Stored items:
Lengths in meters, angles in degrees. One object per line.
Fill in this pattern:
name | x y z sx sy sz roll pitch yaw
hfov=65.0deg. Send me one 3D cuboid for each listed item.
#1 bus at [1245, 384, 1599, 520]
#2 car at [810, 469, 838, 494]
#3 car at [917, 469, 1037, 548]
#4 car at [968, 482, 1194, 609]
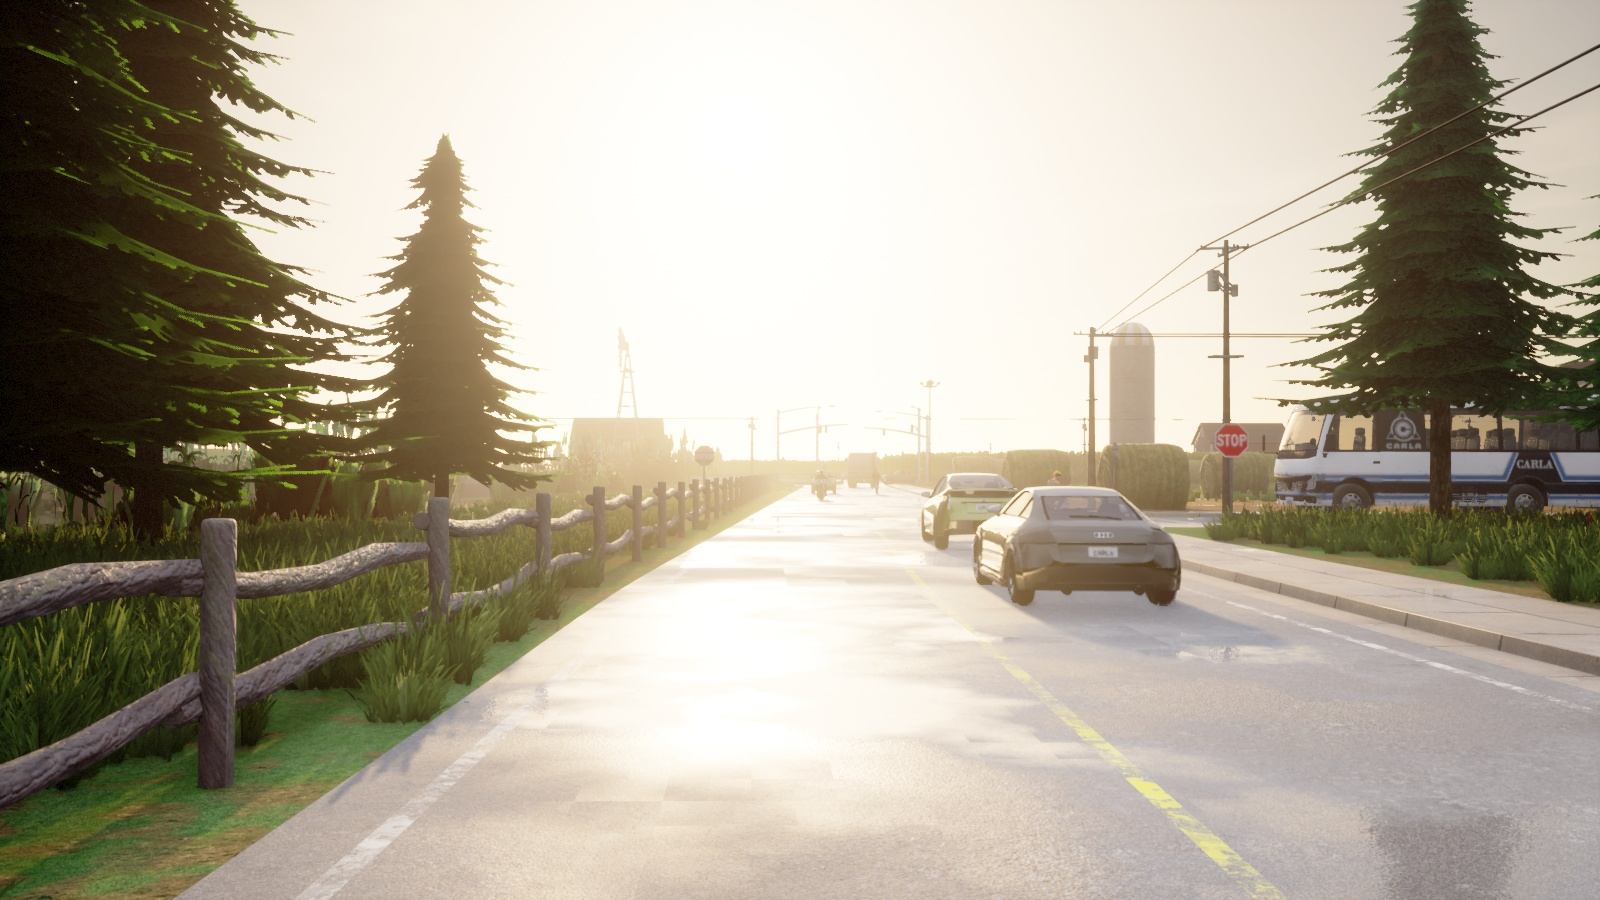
bus | 20.602 0.080 41.647 10.273 4.253 3.944 0 -1 -1
car | 1.645 2.137 85.923 1.851 1.617 3.988 0 -1 1
car | 3.652 1.184 26.665 2.007 1.525 4.514 0 -1 1
car | 3.442 1.129 16.239 1.994 1.385 4.181 0 -1 0

Work instruction: Reproduce the entries above exactly, but only the lines between the line holding "Fill in this" and the line holding "#3 car at [917, 469, 1037, 548]", inclusive.

Written reply:
Fill in this pattern:
name | x y z sx sy sz roll pitch yaw
hfov=65.0deg. Send me one 3D cuboid for each listed item.
#1 bus at [1245, 384, 1599, 520]
#2 car at [810, 469, 838, 494]
#3 car at [917, 469, 1037, 548]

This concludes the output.